Yanakları şimdi çirkin kızarıklıklarla kaplanmıştı ve burnu, denizin altında peydana gelen bir deprem sonucu yerinden oynayan bir mercan adası gibi yüzünün ortasında yana yatmıştı.
“O yüzden burada içiyoruz. Ve buradan... gittiğimizde... tüm birayı dostlarımız içecek.”
Saatlerdir bu şekilde devam ediyordu: felsefi söylemler, bira yapımcılığı hakkında bilgiler ve şarkılar. Pencereleri örten battaniyelerin kenarlarından sızan güneş ışıkları çok azalmıştı.
Gözleri kapalı olan Mouse duraksadı. Sonra bir başka şarkıya başladı.
“Duvarın üzerinde yüz şişe bira, yüz şişe bira... o şişelerden biri düşecek olursa...”
“Gitmem gerek,” dedi Jack. Mouse’un ona işe yarar bir bilgi vermesini umarak mümkün olduğunca kalmıştı, ama daha fazla bekleyemeyecekti. Bir başka yerde, Tyler Marshall onu bekliyordu.
“Dur,” dedi Doc. Eğilip çantasını altüst etti ve elinde bir şırıngayla doğruldu. Loş odada elindekini havaya kaldırdı ve cam gövdesine tırnağıyla vurdu.
“O nedir?”
Doc, Jack ve Beezer’a kısaca gülümsedi. “Hız,” dedi ve şırınganın içindeki sıvıyı Mouse’un koluna boşalttı.
Bir süre durumda hiçbir değişiklik olmadı. Jack tam gitmesi gerektiğini tekrar söylemek için ağzını açmıştı ki, Mouse’un gözleri aniden faltaşı gibi açıldı. Artık gözleri kanla kaplanmış, parlak bir kırmızıya dönmüştü. Yine de görebiliyordu, Jack üzerine dönen bakışlardan bunu anlayabiliyordu.
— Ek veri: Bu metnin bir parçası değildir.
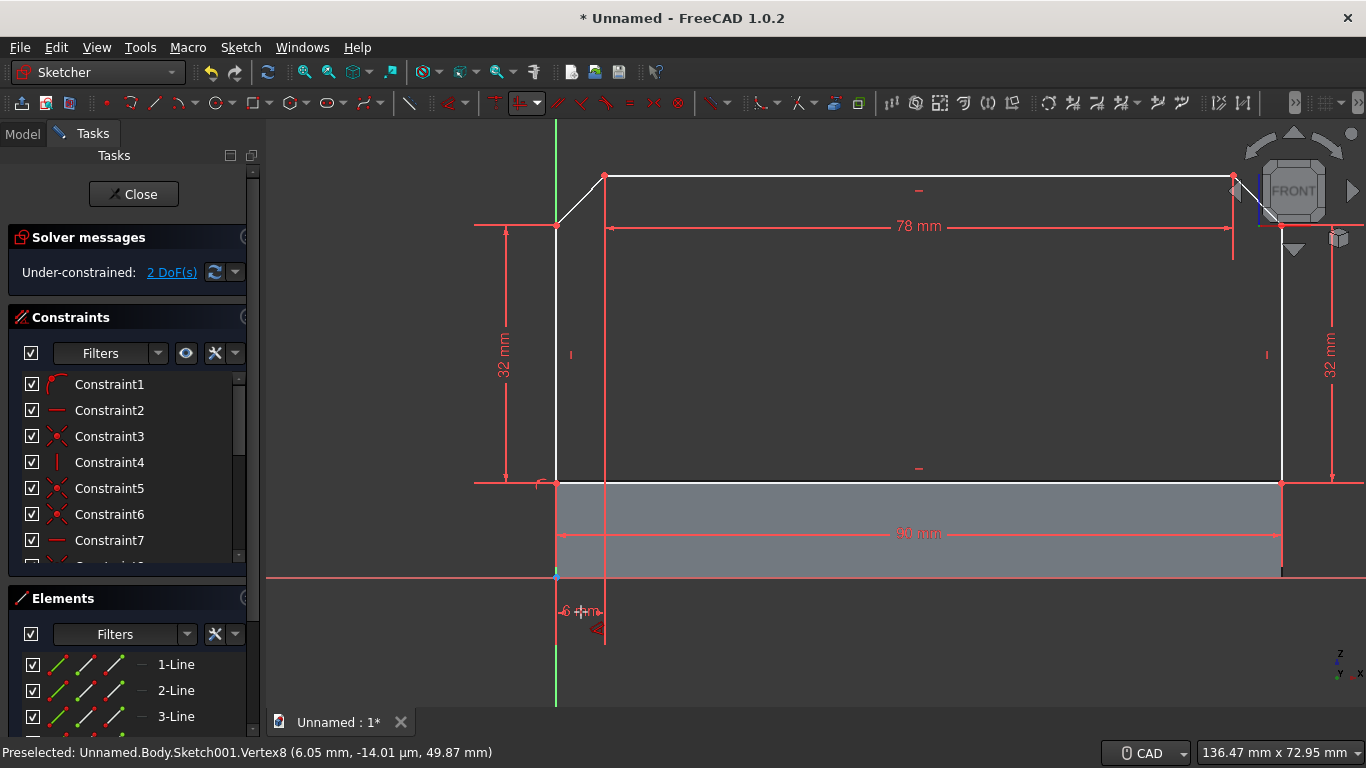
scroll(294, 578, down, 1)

Mouse, Jack’i geldiğinden beri belki ilk kez görüyordu.
Ayı Kız, ardında sürekli tekrarladığı bir fısıltının izlerini bırakarak odadan kaçtı. “Daha fazlasına dayanamam, dayanamam, dayanamam...”
“Lanet olsun,” dedi Mouse gıcırtılı bir sesle. “Lanet olsun, işim bitik değil mi?”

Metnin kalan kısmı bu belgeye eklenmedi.